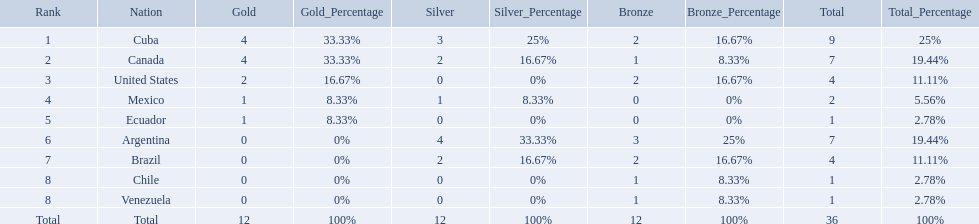Which nations competed in the 2011 pan american games? Cuba, Canada, United States, Mexico, Ecuador, Argentina, Brazil, Chile, Venezuela. Of these nations which ones won gold? Cuba, Canada, United States, Mexico, Ecuador. Which nation of the ones that won gold did not win silver? United States. What were all of the nations involved in the canoeing at the 2011 pan american games? Cuba, Canada, United States, Mexico, Ecuador, Argentina, Brazil, Chile, Venezuela, Total. Of these, which had a numbered rank? Cuba, Canada, United States, Mexico, Ecuador, Argentina, Brazil, Chile, Venezuela. From these, which had the highest number of bronze? Argentina. 
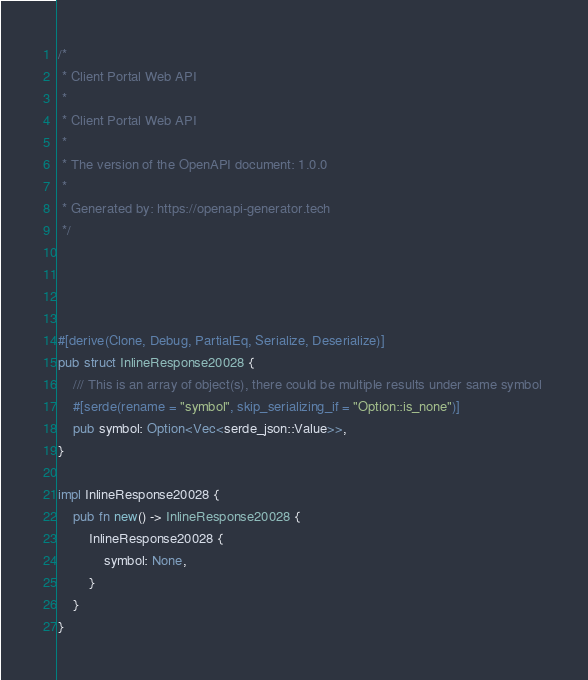<code> <loc_0><loc_0><loc_500><loc_500><_Rust_>/*
 * Client Portal Web API
 *
 * Client Portal Web API
 *
 * The version of the OpenAPI document: 1.0.0
 * 
 * Generated by: https://openapi-generator.tech
 */




#[derive(Clone, Debug, PartialEq, Serialize, Deserialize)]
pub struct InlineResponse20028 {
    /// This is an array of object(s), there could be multiple results under same symbol 
    #[serde(rename = "symbol", skip_serializing_if = "Option::is_none")]
    pub symbol: Option<Vec<serde_json::Value>>,
}

impl InlineResponse20028 {
    pub fn new() -> InlineResponse20028 {
        InlineResponse20028 {
            symbol: None,
        }
    }
}


</code>

> _REQUIRED ACTION_: The data above should be repeated exactly, minus any pictures.

> _RESPONSE AREA_:
Which nations competed in the 2011 pan american games? Cuba, Canada, United States, Mexico, Ecuador, Argentina, Brazil, Chile, Venezuela. Of these nations which ones won gold? Cuba, Canada, United States, Mexico, Ecuador. Which nation of the ones that won gold did not win silver? United States. What were all of the nations involved in the canoeing at the 2011 pan american games? Cuba, Canada, United States, Mexico, Ecuador, Argentina, Brazil, Chile, Venezuela, Total. Of these, which had a numbered rank? Cuba, Canada, United States, Mexico, Ecuador, Argentina, Brazil, Chile, Venezuela. From these, which had the highest number of bronze? Argentina. 
<code> <loc_0><loc_0><loc_500><loc_500><_Rust_>/*
 * Client Portal Web API
 *
 * Client Portal Web API
 *
 * The version of the OpenAPI document: 1.0.0
 * 
 * Generated by: https://openapi-generator.tech
 */




#[derive(Clone, Debug, PartialEq, Serialize, Deserialize)]
pub struct InlineResponse20028 {
    /// This is an array of object(s), there could be multiple results under same symbol 
    #[serde(rename = "symbol", skip_serializing_if = "Option::is_none")]
    pub symbol: Option<Vec<serde_json::Value>>,
}

impl InlineResponse20028 {
    pub fn new() -> InlineResponse20028 {
        InlineResponse20028 {
            symbol: None,
        }
    }
}


</code>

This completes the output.